Directions for this task —
This exercise asks for every line of the material that contains the word "object".

Input —
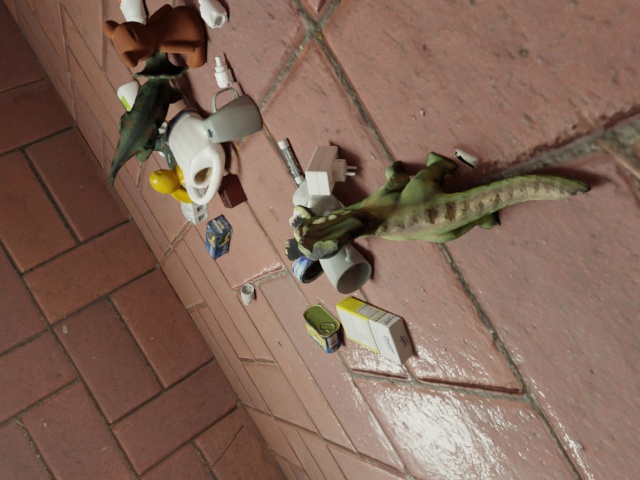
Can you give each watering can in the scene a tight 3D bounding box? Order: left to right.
[{"bbox_3d":[-0.295,-0.248,1.293,0.228,0.105,0.340,54,137,26],"label":"watering can"}]

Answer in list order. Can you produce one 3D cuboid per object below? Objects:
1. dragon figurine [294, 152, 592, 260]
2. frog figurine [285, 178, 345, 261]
[{"bbox_3d":[0.091,-0.020,0.651,0.409,0.245,0.121,-2,112,65],"label":"dragon figurine"},{"bbox_3d":[0.003,-0.047,0.936,0.122,0.163,0.134,0,124,17],"label":"frog figurine"}]
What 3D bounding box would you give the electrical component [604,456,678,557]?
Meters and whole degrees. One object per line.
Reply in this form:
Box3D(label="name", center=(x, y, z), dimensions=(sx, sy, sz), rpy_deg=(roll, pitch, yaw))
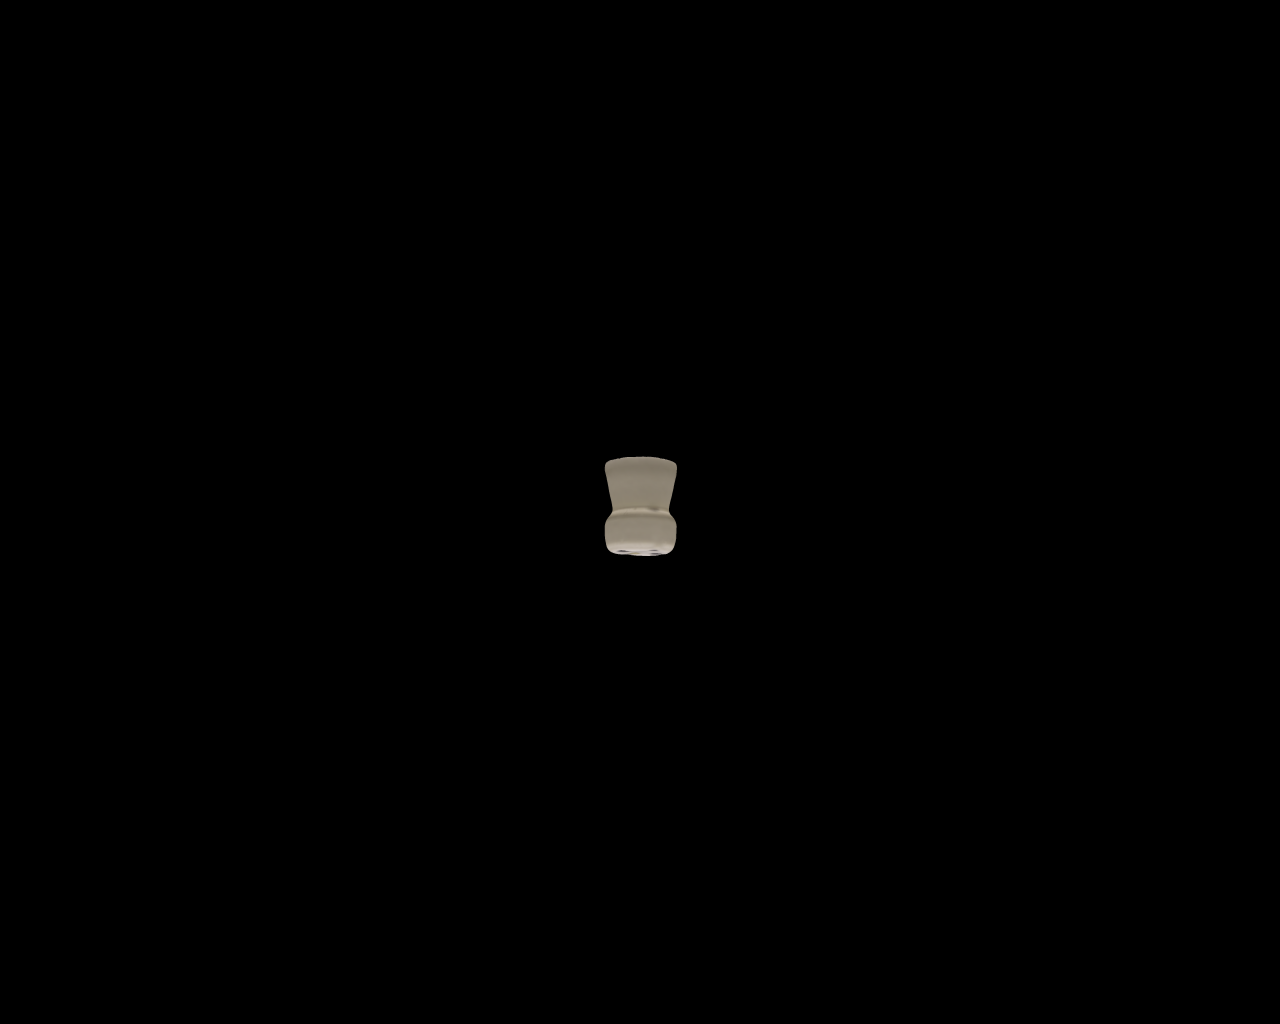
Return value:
Box3D(label="electrical component", center=(0.001, -0.003, 0.650), dimensions=(0.045, 0.055, 0.045), rpy_deg=(0, -9, 0))
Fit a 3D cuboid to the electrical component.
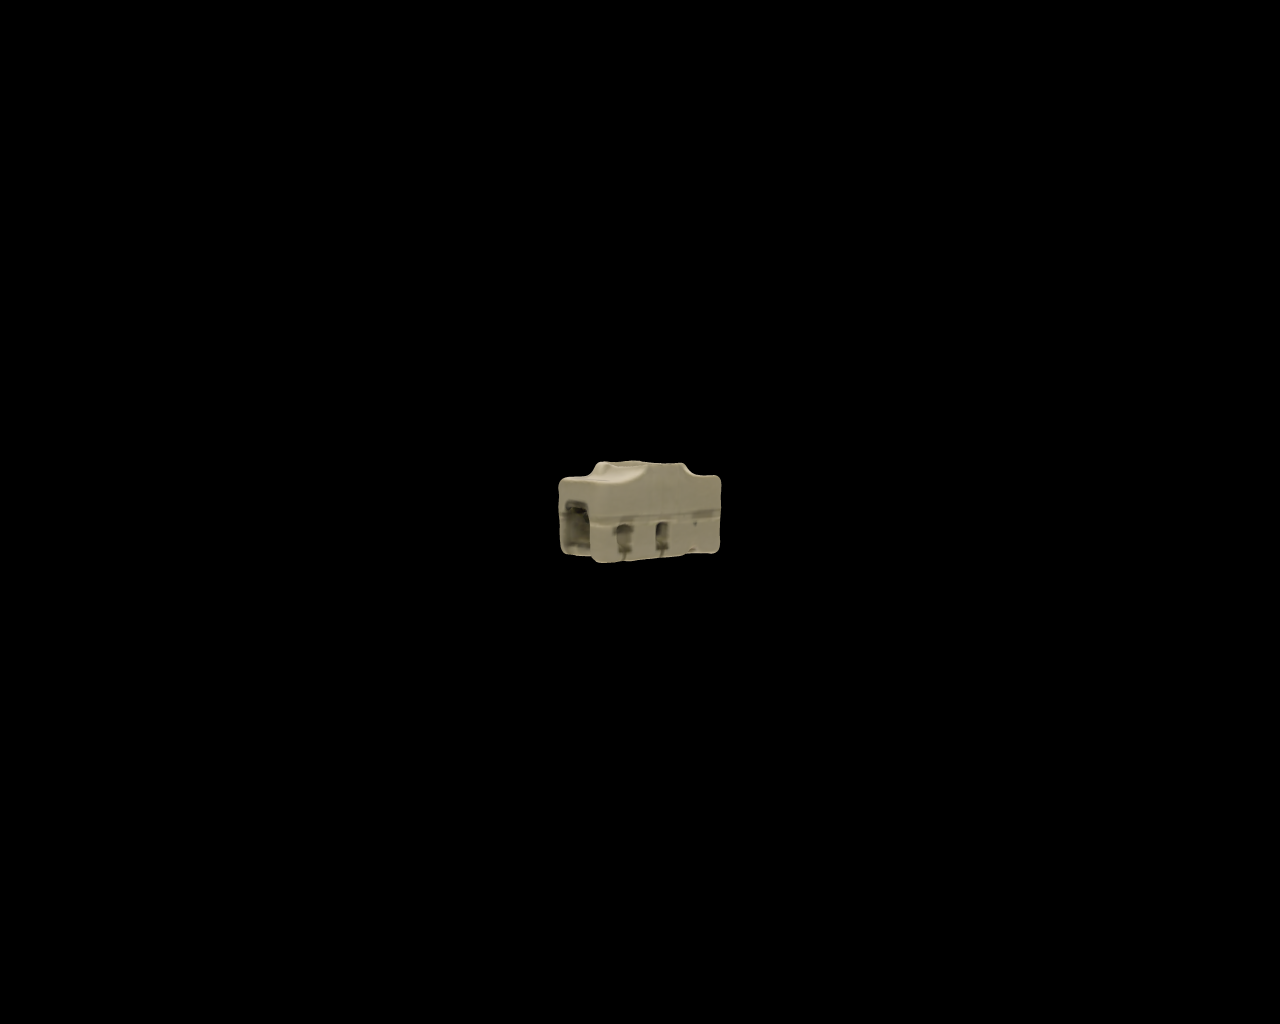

Response for this exercise —
Answer in list order. Can you produce one 3D cuboid per object below? Objects:
Meters and whole degrees. One object per line.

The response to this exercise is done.